Case study · Science & maths reasoning

Teaching a small model to reason through advanced science and maths problems.

We wanted a small, cheap model — Qwen 2.5 7B — to solve advanced science and maths problems, the kind that take several steps of reasoning rather than a single recalled fact. Our material was 116,831 expert solutions from JEE and NEET, India’s toughest university-entrance exams, each with a verified correct answer. Trained on them the usual way, the model got worse. So we used the verified answers as a reward instead: scoring the model on whether it reached the right answer, which pushed it to reason its way there rather than memorise. That lifted it 6.3 points, from 60.5% to 66.8%, on a held-out set of 800 questions. The model, the data and the test set are all public.

Method

Verified-reward RL (GRPO)

Domain

Science & maths reasoning · JEE/NEET

Base model

Qwen 2.5 7B Instruct

Evaluation

800 held-out MCQs (NalandaBench)

−16.4pts

What standard supervised fine-tuning did to overall accuracy on the held-out set. The same data, the wrong method.

+6.3pts

The two-stage verified-reward model — one downloadable checkpoint, 60.5% → 66.8% on the held-out set.

2.5×

The lift from correcting mislabelled data alone, with no change to the method.

Reproducibility

Everything here is public.

The fine-tuned model and a data sample are public, including the held-out set the +6.3 is measured on.

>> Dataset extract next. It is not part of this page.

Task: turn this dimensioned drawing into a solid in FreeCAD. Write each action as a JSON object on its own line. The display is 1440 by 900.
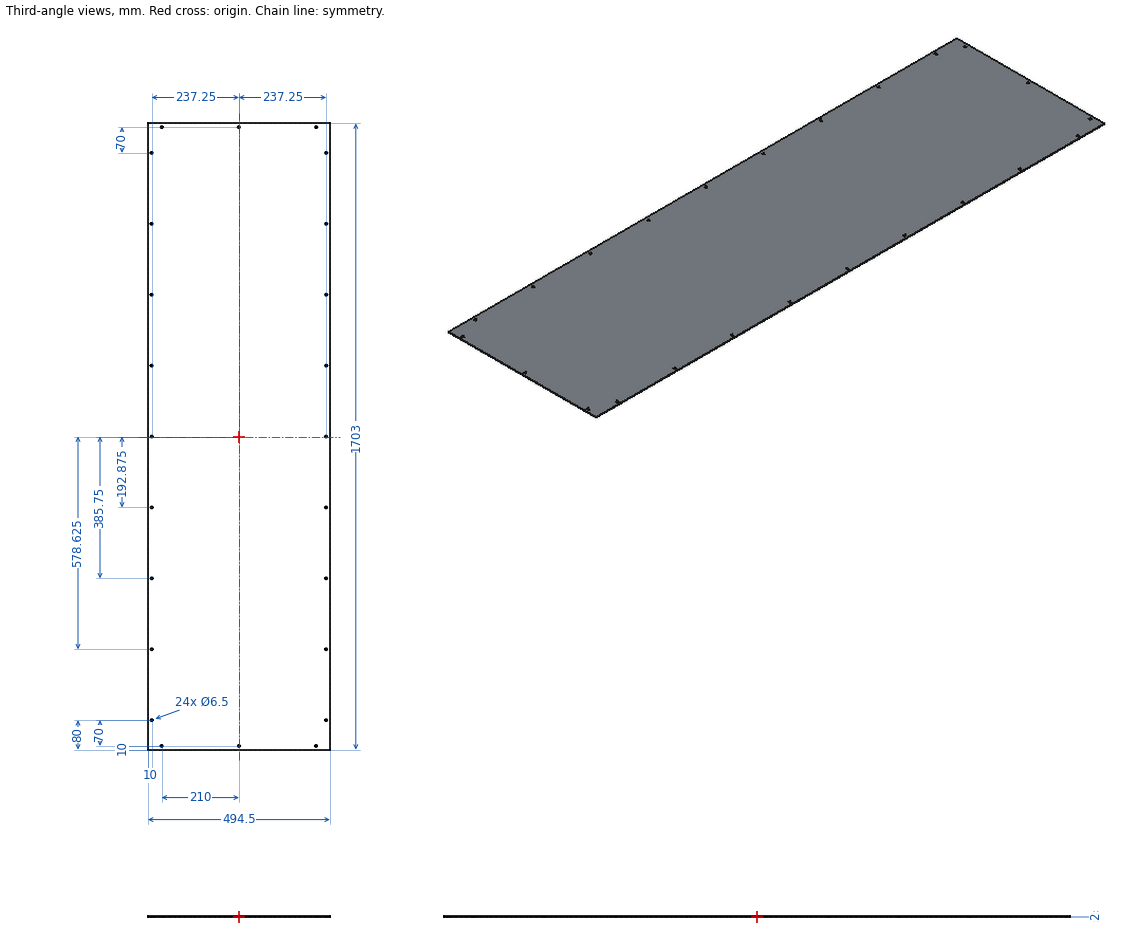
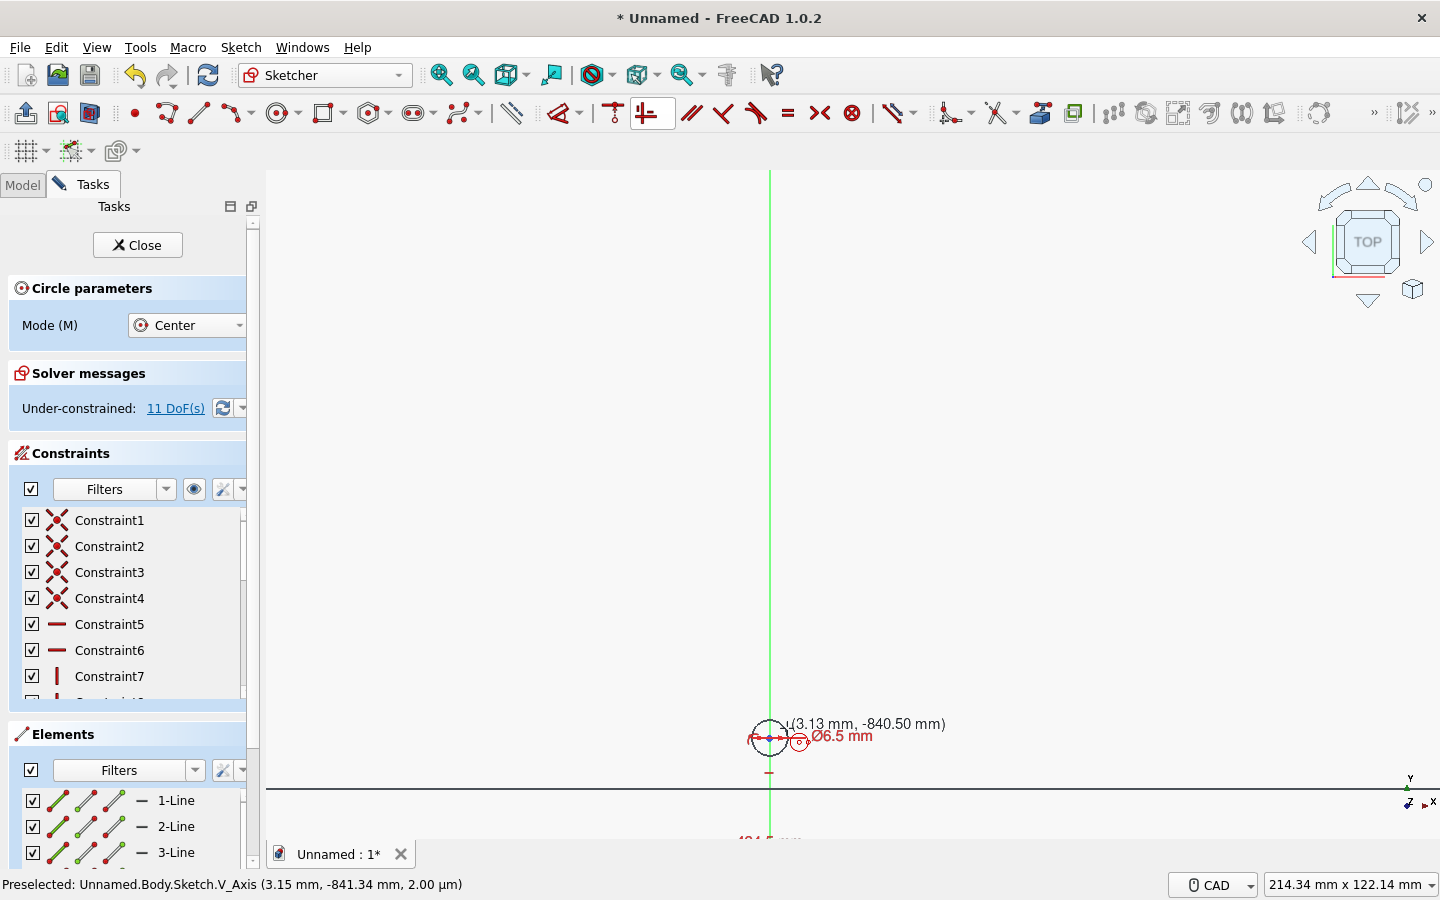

Open the model on Hugging Face → Download a data sample →

The problem

What it takes to solve one of these problems.

Maths and science are the hardest test of whether a model can reason. Every problem has one correct answer, reached through a chain of steps, that the model either gets or it doesn’t. That makes a hard exam a clean way to measure what a model can really do, and what it takes to improve it.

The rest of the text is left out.